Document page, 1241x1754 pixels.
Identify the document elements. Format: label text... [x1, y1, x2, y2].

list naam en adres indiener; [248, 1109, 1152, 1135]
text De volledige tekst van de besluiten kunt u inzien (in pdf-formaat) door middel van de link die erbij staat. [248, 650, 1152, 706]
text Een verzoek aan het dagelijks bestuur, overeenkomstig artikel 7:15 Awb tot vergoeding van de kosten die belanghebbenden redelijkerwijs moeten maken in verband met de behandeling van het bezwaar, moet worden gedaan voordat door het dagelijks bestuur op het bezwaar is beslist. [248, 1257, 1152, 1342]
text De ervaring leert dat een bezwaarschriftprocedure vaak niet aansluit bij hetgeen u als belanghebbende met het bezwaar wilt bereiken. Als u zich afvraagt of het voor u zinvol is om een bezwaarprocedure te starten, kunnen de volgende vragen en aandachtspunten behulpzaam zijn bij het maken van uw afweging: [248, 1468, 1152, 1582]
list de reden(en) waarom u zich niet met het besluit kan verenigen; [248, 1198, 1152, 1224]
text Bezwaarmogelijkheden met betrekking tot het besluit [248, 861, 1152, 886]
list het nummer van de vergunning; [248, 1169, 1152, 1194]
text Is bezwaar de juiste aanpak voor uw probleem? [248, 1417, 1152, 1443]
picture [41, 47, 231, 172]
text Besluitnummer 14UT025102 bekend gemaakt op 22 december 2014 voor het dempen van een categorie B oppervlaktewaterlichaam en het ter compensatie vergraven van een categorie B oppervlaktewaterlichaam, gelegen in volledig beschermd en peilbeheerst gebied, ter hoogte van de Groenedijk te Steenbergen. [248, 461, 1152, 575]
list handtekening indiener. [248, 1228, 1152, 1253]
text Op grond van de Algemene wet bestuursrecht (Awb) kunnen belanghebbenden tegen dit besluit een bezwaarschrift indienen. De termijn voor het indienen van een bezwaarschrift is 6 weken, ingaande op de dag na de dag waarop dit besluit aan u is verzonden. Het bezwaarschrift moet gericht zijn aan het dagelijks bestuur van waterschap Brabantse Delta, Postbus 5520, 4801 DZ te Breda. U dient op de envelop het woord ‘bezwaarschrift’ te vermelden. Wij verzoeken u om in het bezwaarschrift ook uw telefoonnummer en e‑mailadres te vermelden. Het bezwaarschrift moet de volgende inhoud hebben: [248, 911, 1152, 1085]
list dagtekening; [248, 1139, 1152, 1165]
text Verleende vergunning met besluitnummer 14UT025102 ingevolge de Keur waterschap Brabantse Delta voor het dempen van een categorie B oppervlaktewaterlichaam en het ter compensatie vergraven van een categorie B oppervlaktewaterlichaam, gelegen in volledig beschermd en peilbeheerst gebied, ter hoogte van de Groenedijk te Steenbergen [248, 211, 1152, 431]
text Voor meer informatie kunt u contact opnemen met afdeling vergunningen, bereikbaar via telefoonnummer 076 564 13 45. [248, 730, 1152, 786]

...

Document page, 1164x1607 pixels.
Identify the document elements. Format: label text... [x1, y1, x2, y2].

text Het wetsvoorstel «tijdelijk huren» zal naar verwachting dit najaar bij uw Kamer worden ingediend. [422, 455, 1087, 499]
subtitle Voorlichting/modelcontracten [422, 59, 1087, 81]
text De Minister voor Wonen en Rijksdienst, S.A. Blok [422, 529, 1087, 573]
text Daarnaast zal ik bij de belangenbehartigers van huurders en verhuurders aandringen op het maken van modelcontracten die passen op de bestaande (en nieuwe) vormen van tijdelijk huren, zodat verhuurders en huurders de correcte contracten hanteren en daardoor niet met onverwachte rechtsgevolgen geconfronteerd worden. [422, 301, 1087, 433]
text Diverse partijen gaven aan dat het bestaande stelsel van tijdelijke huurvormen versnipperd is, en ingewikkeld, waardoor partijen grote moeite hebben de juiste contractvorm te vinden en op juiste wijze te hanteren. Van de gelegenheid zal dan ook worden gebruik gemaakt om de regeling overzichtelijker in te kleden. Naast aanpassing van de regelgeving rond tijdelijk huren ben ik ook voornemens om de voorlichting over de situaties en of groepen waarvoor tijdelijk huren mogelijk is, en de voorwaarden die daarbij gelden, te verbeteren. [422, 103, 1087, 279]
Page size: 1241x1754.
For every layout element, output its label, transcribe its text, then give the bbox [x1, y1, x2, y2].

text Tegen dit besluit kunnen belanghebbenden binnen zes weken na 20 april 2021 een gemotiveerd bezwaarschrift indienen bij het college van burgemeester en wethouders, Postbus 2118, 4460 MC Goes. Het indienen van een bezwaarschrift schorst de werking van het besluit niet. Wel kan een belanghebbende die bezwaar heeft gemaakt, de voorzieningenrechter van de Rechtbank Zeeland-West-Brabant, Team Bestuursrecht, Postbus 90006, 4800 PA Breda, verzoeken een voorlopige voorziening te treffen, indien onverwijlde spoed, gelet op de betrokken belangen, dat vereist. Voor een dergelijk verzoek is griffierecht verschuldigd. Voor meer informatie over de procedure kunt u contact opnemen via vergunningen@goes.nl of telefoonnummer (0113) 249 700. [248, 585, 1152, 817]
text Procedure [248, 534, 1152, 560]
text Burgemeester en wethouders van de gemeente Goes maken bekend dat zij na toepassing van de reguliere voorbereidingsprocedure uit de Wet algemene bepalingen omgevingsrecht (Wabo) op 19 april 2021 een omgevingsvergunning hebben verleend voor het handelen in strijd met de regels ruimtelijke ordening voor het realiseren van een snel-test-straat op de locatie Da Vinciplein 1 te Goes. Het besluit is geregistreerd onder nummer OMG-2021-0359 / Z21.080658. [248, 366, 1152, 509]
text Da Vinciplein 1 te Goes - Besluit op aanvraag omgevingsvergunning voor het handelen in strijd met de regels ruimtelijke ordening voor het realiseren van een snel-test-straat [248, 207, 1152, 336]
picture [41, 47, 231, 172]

* * *

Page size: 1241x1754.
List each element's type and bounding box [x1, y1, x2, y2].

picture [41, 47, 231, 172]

• _WHAT THE EXERCISE ASKS_: For each line of the entries that includes "pixels", show that line.

• _ANSWER SECTION_:
Document page, 1241x1754 pixels.
Document page, 1164x1607 pixels.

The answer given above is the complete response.